-- How to complete this task --
For this exercise, retype every record below exactly and keep the pictures out.

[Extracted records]

*** Block opens ***

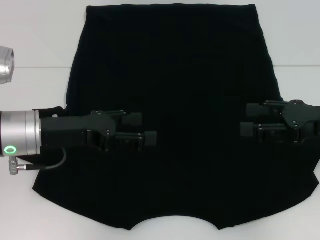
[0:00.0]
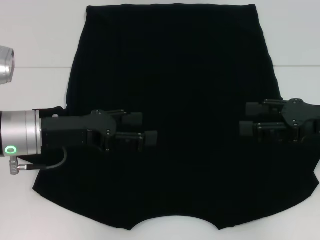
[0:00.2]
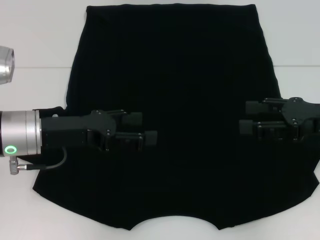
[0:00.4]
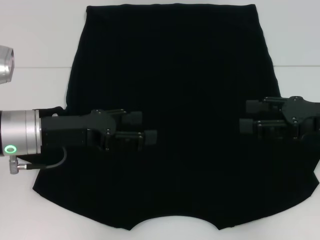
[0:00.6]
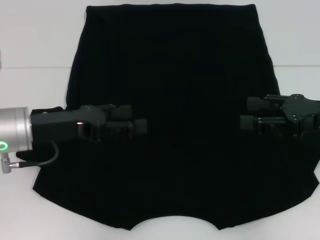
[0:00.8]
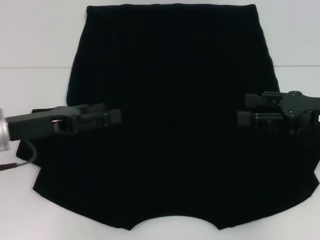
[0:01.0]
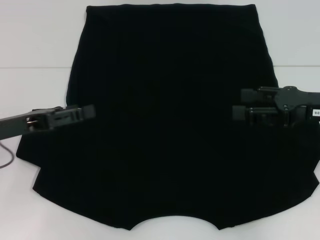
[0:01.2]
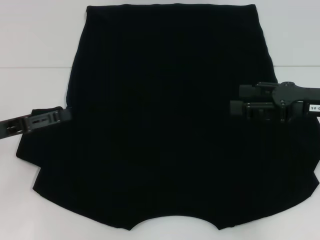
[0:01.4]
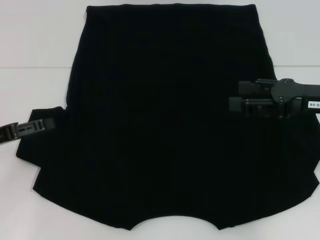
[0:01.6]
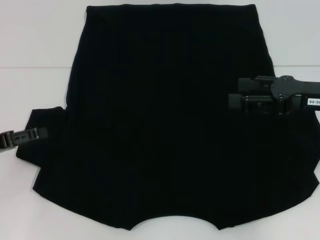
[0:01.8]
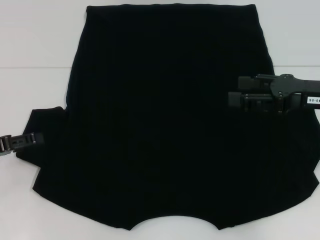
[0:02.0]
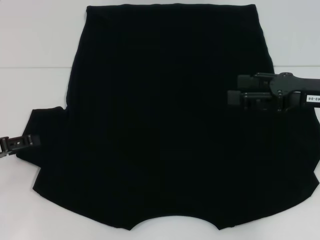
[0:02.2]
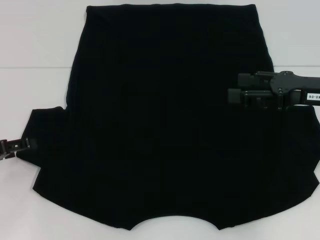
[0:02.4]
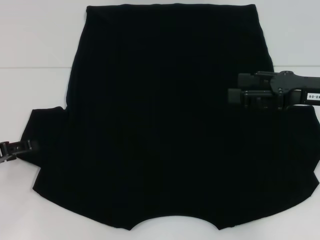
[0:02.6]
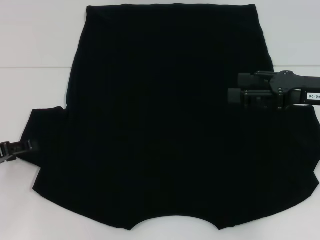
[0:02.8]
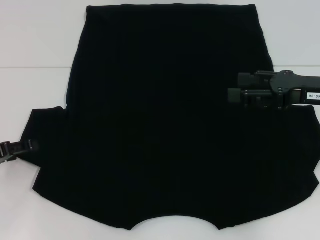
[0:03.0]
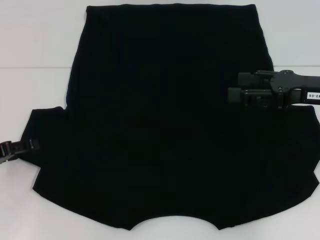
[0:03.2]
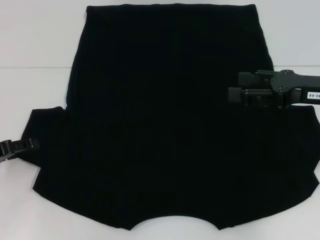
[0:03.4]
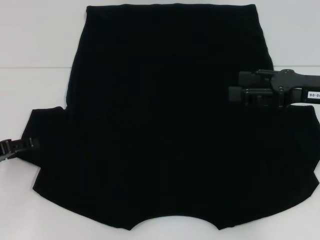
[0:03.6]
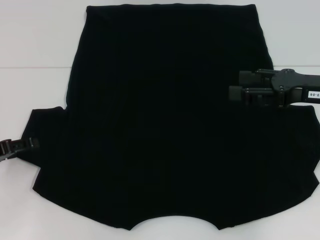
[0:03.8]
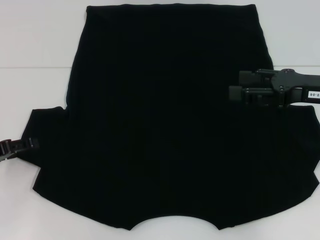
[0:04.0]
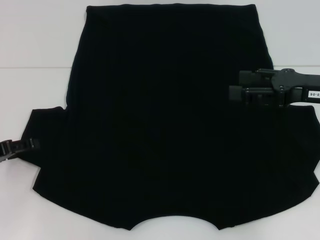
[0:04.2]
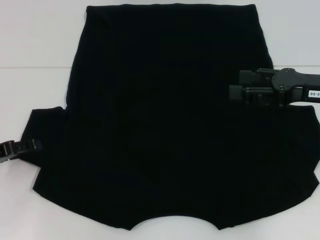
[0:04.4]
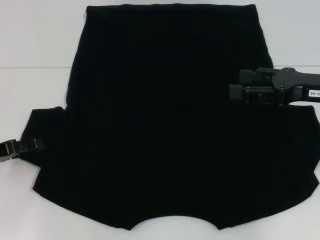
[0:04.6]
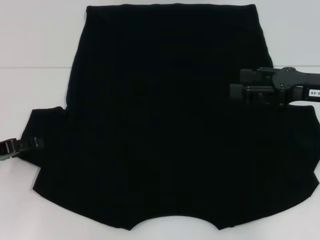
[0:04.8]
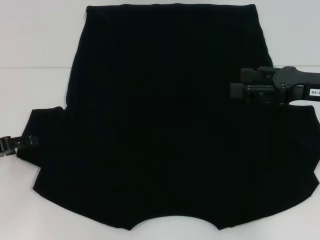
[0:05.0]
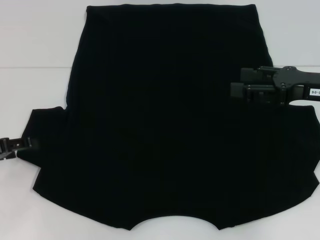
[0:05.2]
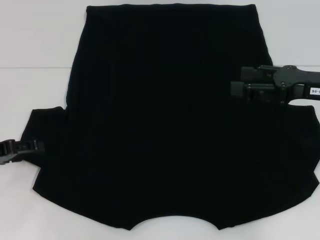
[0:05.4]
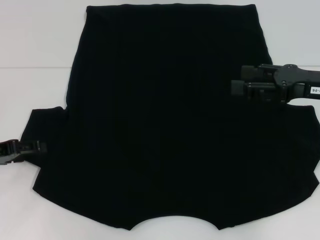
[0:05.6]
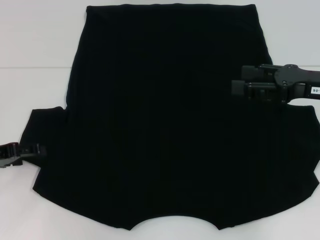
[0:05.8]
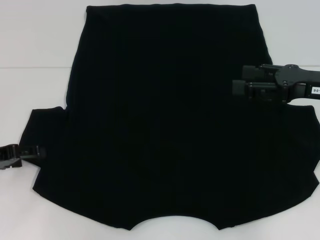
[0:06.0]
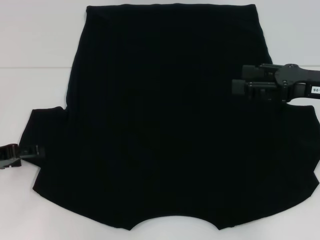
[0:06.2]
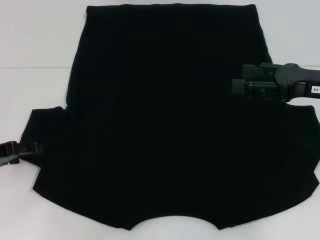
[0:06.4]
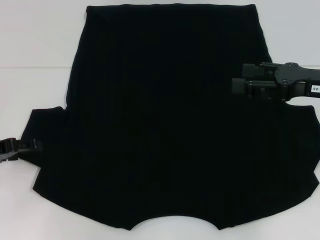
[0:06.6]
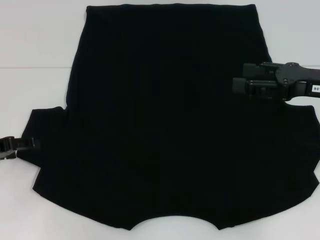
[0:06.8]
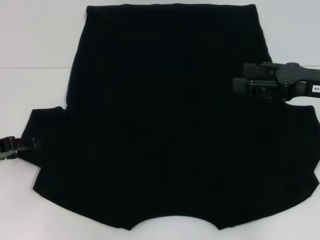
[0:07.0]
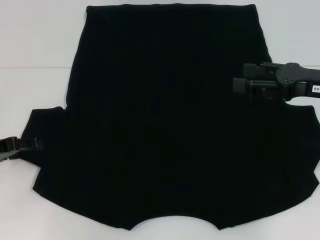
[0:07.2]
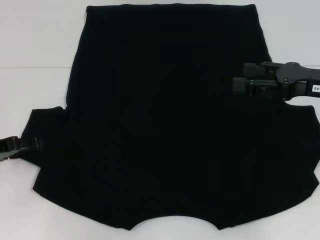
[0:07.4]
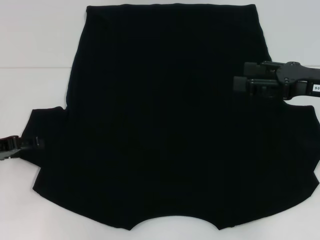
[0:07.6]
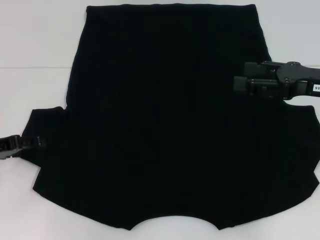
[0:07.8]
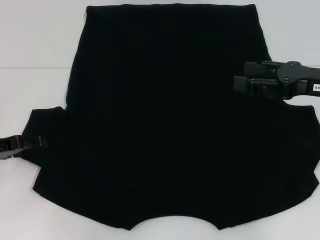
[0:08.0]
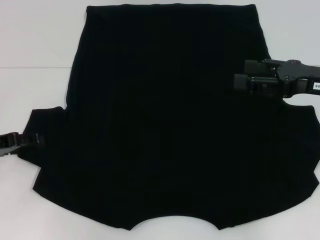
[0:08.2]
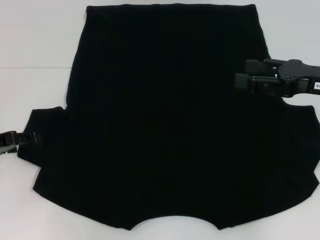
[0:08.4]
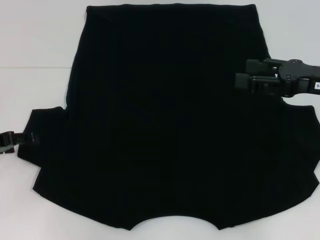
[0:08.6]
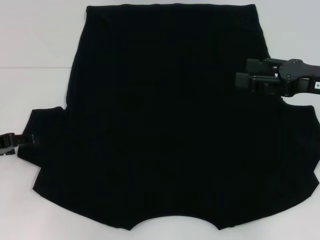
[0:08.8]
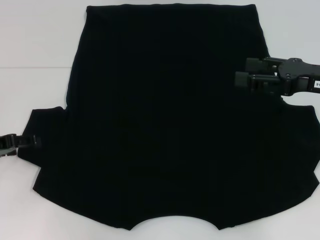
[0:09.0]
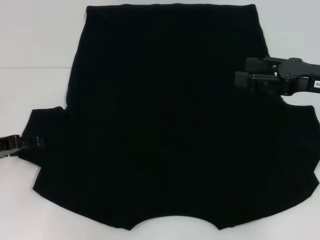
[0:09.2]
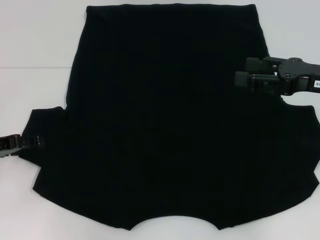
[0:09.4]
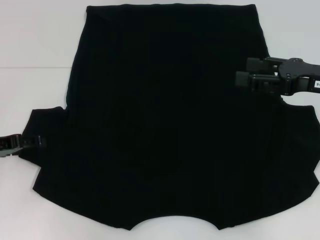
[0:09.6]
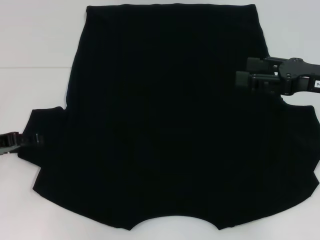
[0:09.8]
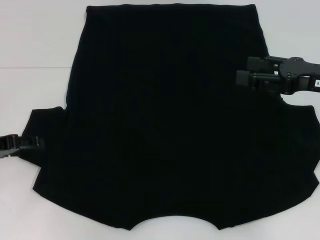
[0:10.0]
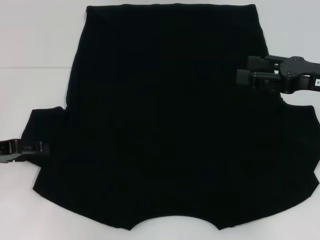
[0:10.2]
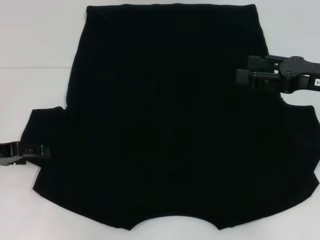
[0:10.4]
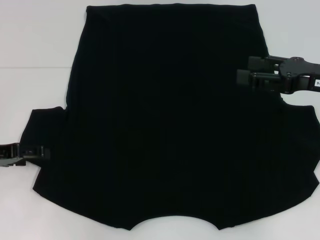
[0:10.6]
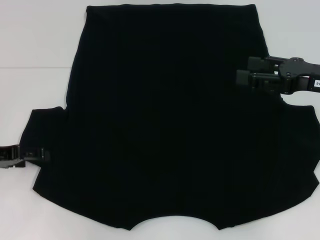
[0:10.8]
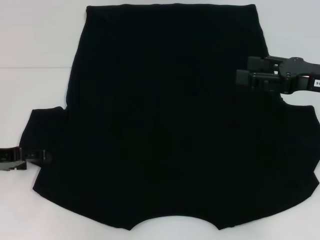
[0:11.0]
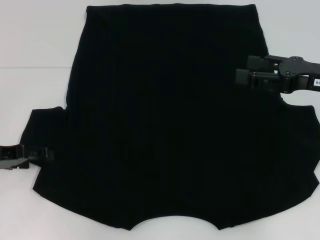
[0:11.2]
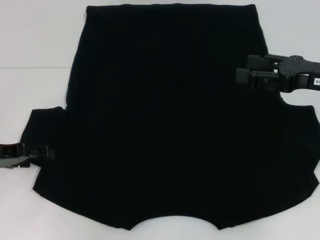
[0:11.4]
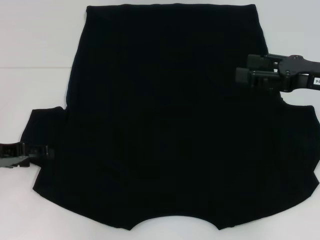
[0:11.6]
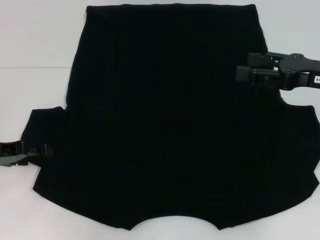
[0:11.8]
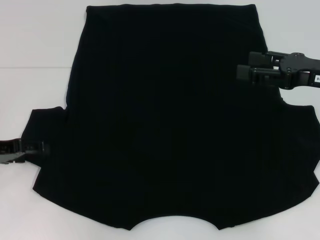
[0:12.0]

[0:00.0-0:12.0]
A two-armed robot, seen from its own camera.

*** Block closes ***

-- Response to this exercise --
[0:00.0]
[0:00.2]
[0:00.4]
[0:00.6]
[0:00.8]
[0:01.0]
[0:01.2]
[0:01.4]
[0:01.6]
[0:01.8]
[0:02.0]
[0:02.2]
[0:02.4]
[0:02.6]
[0:02.8]
[0:03.0]
[0:03.2]
[0:03.4]
[0:03.6]
[0:03.8]
[0:04.0]
[0:04.2]
[0:04.4]
[0:04.6]
[0:04.8]
[0:05.0]
[0:05.2]
[0:05.4]
[0:05.6]
[0:05.8]
[0:06.0]
[0:06.2]
[0:06.4]
[0:06.6]
[0:06.8]
[0:07.0]
[0:07.2]
[0:07.4]
[0:07.6]
[0:07.8]
[0:08.0]
[0:08.2]
[0:08.4]
[0:08.6]
[0:08.8]
[0:09.0]
[0:09.2]
[0:09.4]
[0:09.6]
[0:09.8]
[0:10.0]
[0:10.2]
[0:10.4]
[0:10.6]
[0:10.8]
[0:11.0]
[0:11.2]
[0:11.4]
[0:11.6]
[0:11.8]
[0:12.0]

[0:00.0-0:12.0]
A two-armed robot, seen from its own camera.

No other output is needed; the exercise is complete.